The Battle of Giants: Causality vs NLP => From Theory to Practice

2023-04-19
talk

With an average of 3.2 new papers published on Arxiv every day in 2022, causal inference has exploded in popularity, attracting large amount of talent and interest from top researchers and institutions including industry giants like Amazon or Microsoft. Text data, with its high complexity, posits an exciting challenge for causal inference community. In the workshop, we'll review the latest advances in the field of Causal NLP and implement a causal Transformer model to demonstrate how to translate these developments into a practical solution that can bring real business value. All in Python!

Apache Arrow: connecting and accelerating dataframe libraries across the PyData ecosystem

2023-04-19
talk

Apache Arrow is a multi-language toolbox for accelerated data interchange and in-memory processing, and is becoming the de facto standard for tabular data. This talk will give an overview of the recent developments both in Apache Arrow itself as how it is being adopted in the PyData ecosystem (and beyond) and can improve your day-to-day data analytics workflows.

Behind the Scenes of tox: The Journey of Rewriting a Python Tool with more than 10 Million Monthly Downloads

2023-04-19
talk

tox is a widely-used tool for automating testing in Python. In this talk, we will go behind the scenes of the creation of tox 4, the latest version of the tool. We will discuss the motivations for the rewrite, the challenges and lessons learned during the development process. We will have a look at the new features and improvements introduced in tox 4. But most importantly, you will get to know the maintainers.

Bringing NLP to Production (an end to end story about some multi-language NLP services)

2023-04-19
talk

Models in Natural Language Processing are fun to train but can be difficult to deploy.

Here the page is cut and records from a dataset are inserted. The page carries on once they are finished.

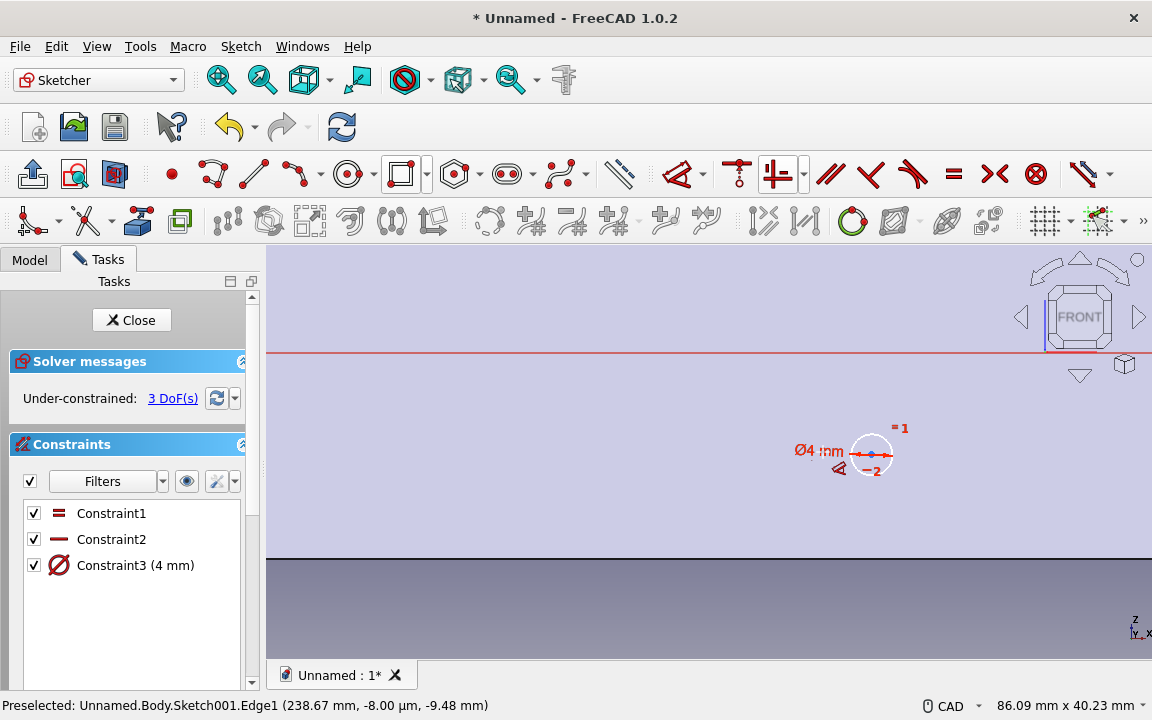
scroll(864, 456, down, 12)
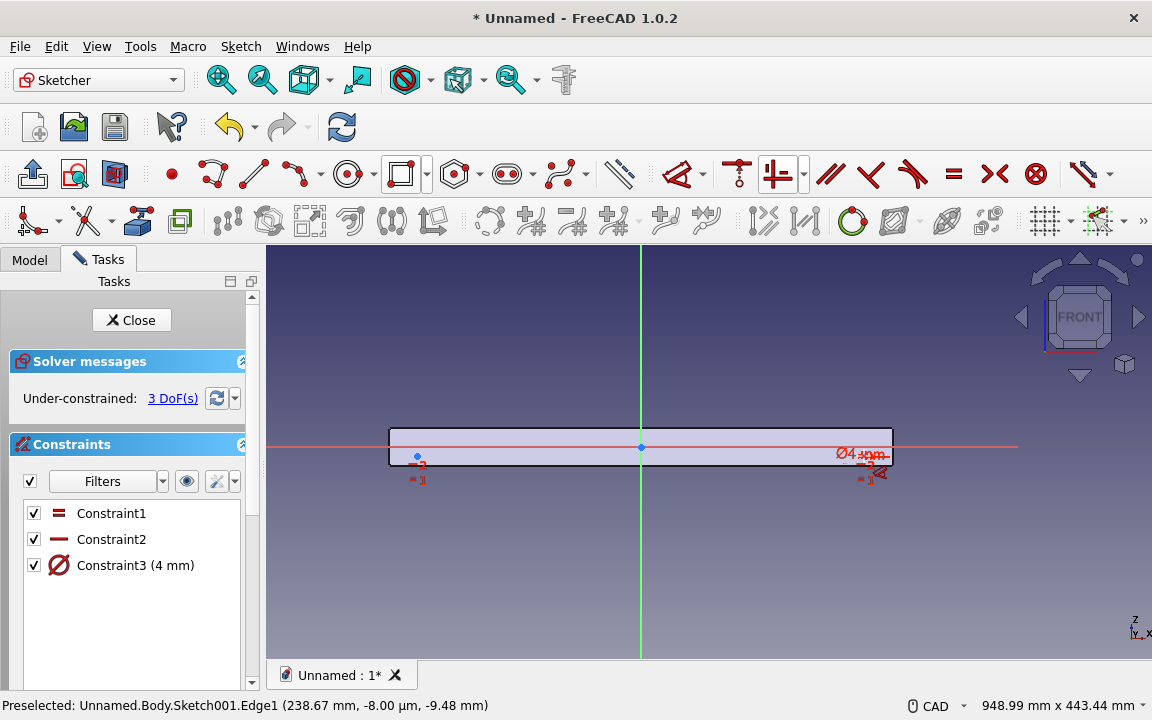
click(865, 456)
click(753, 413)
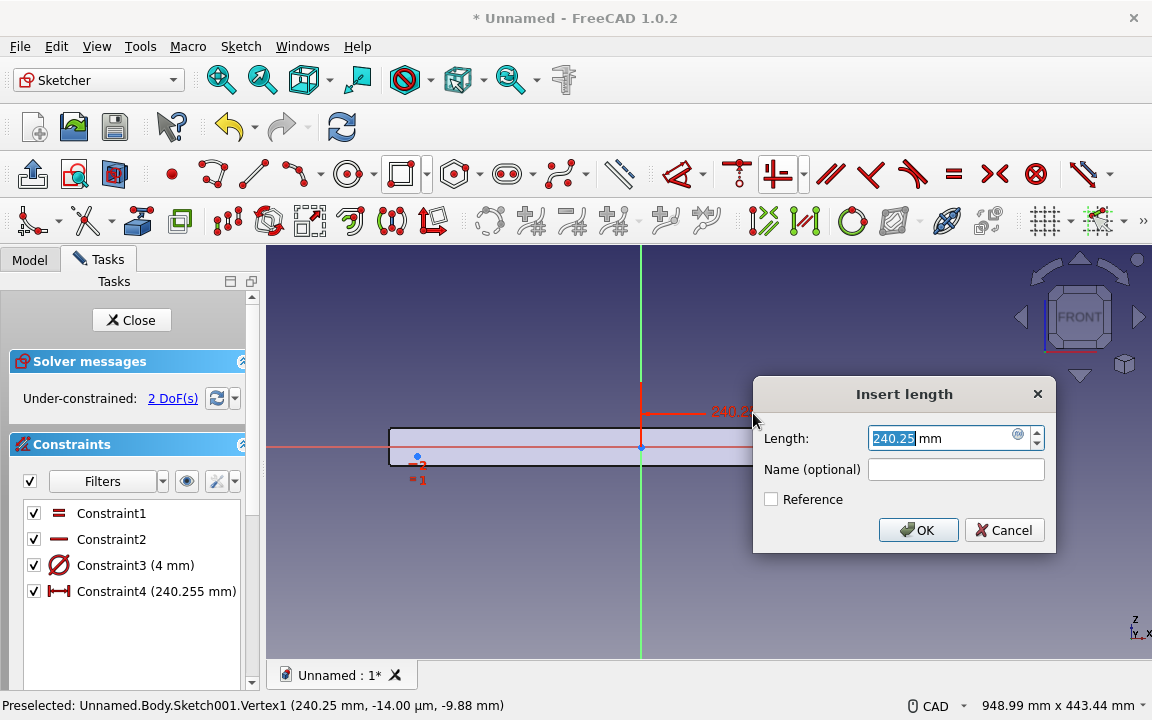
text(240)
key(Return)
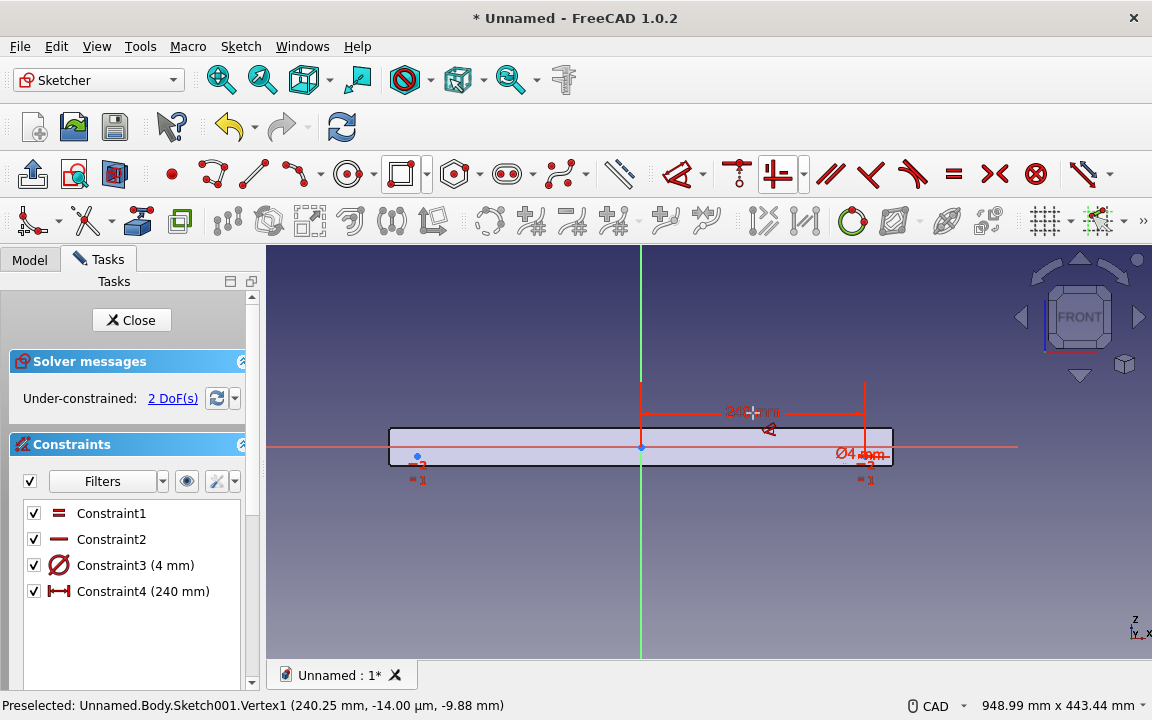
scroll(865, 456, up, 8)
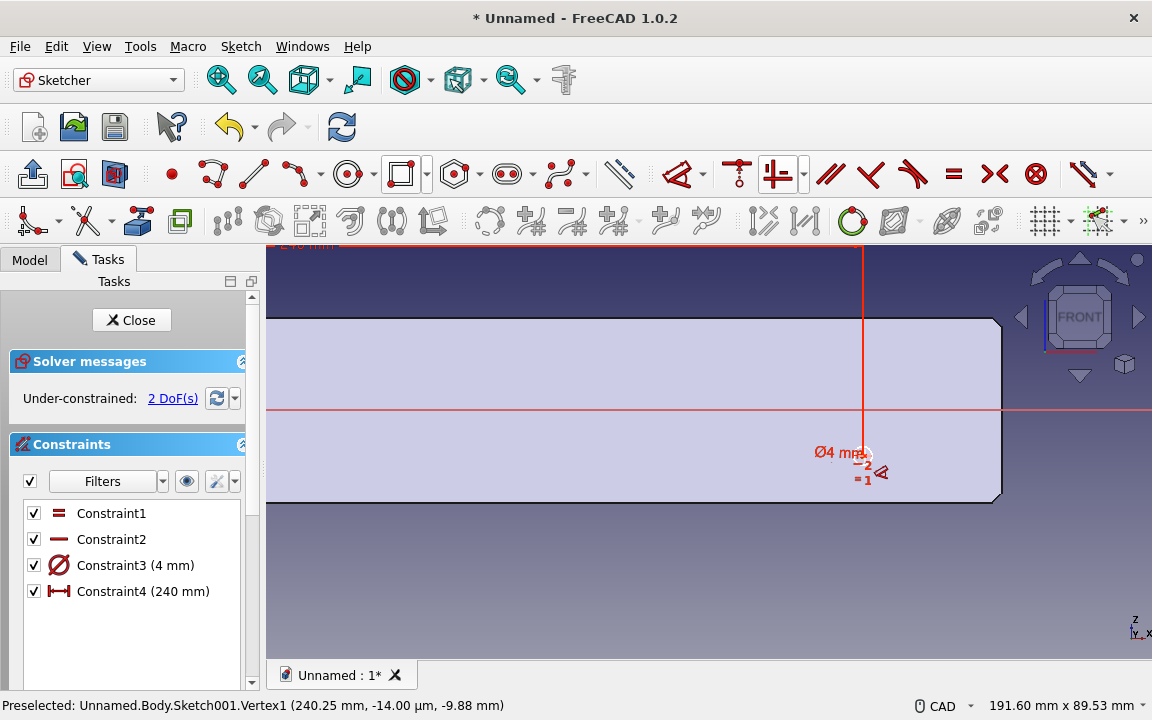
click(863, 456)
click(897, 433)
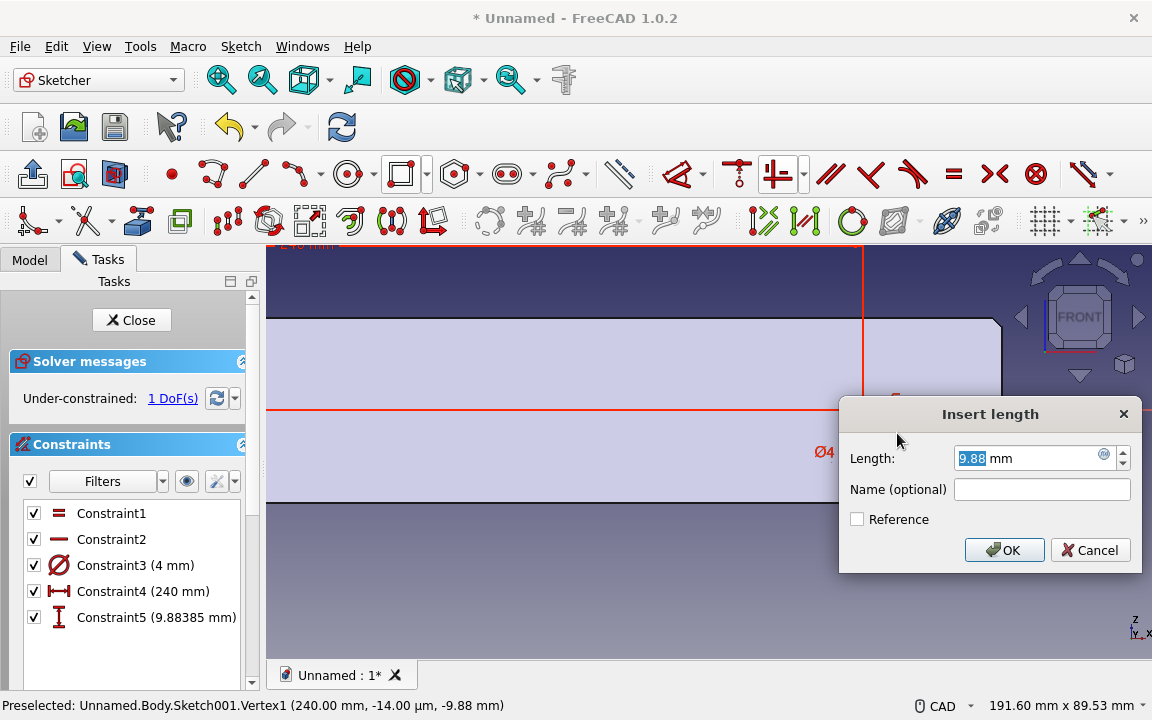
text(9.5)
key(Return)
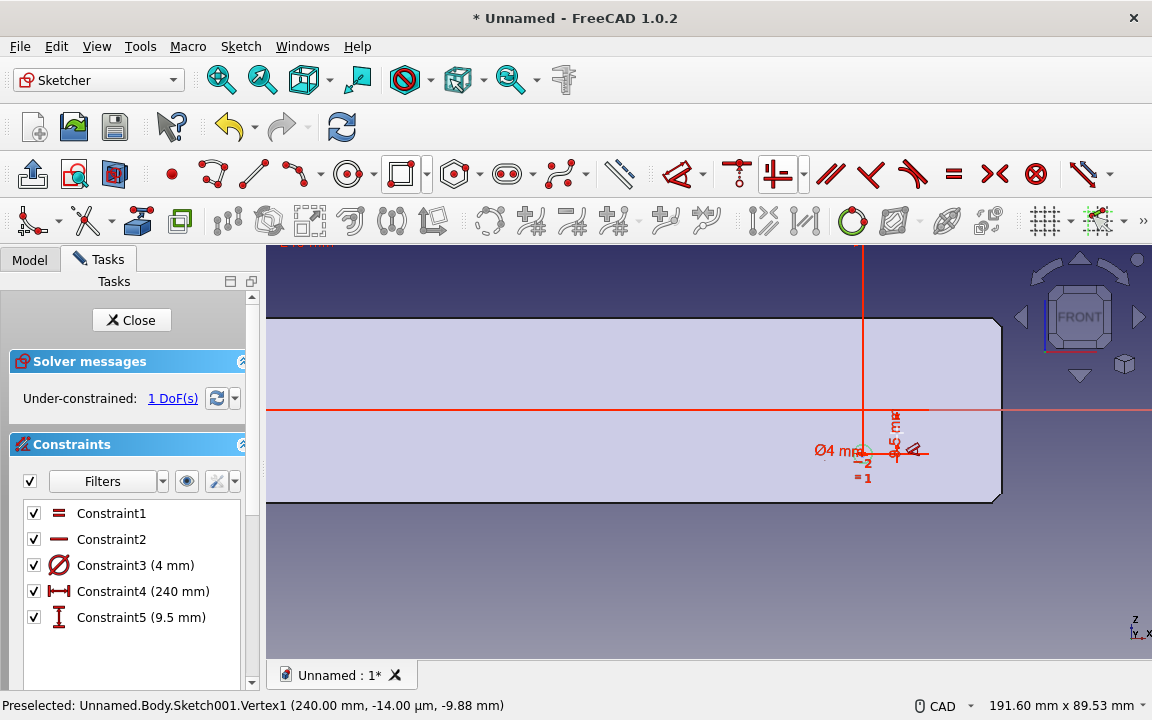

The size of their models, libraries and necessary files can be challenging, especially in a microservice environment. When services should be built as lightweight and slim as possible, large (language) models can lead to a lot of problems. With a recent real-world use case as an example, which runs productively for over a year and in 10 different languages, I will walk you through my experiences with deploying NLP models. What kind of pitfalls, shortcuts, and tricks are possible while bringing an NLP model to production?

In this talk, you will learn about different ways and possibilities to deploy NLP services. I will speak briefly about the way leading from data to model and a running service (without going into much detail) before I will focus on the MLOps part in the end. I will take you with me on my past journey of struggles and successes so that you don’t need to take these detours by yourselves.

Machine Learning Lifecycle for NLP Classification in E-Commerce

2023-04-19
talk

Running machine learning models in a production environment brings its own challenges. In this talk we would like to present our solution of a machine learning lifecycle for the text-based cataloging classification system from idealo.de. We will share lessons learned and talk about our experiences during the lifecycle migration from a hosted cluster to a cloud solution within the last 3 years. In addition, we will outline how we embedded our ML components as part of the overall idealo.de processing architecture.

You've got trust issues, we've got solutions: Differential Privacy

2023-04-19
talk

As we are in an era of big data where large groups of information are assimilated and analyzed, for insights into human behavior, data privacy has become a hot topic. Since there is a lot of private information which once leaked can be misused, all data cannot be released for research. This talk aims to discuss Differential Privacy, a cutting-edge technique of cybersecurity that claims to preserve an individual’s privacy, how it is employed to minimize the risks with private data, its applications in various domains, and how Python eases the task of employing it in our models with PyDP.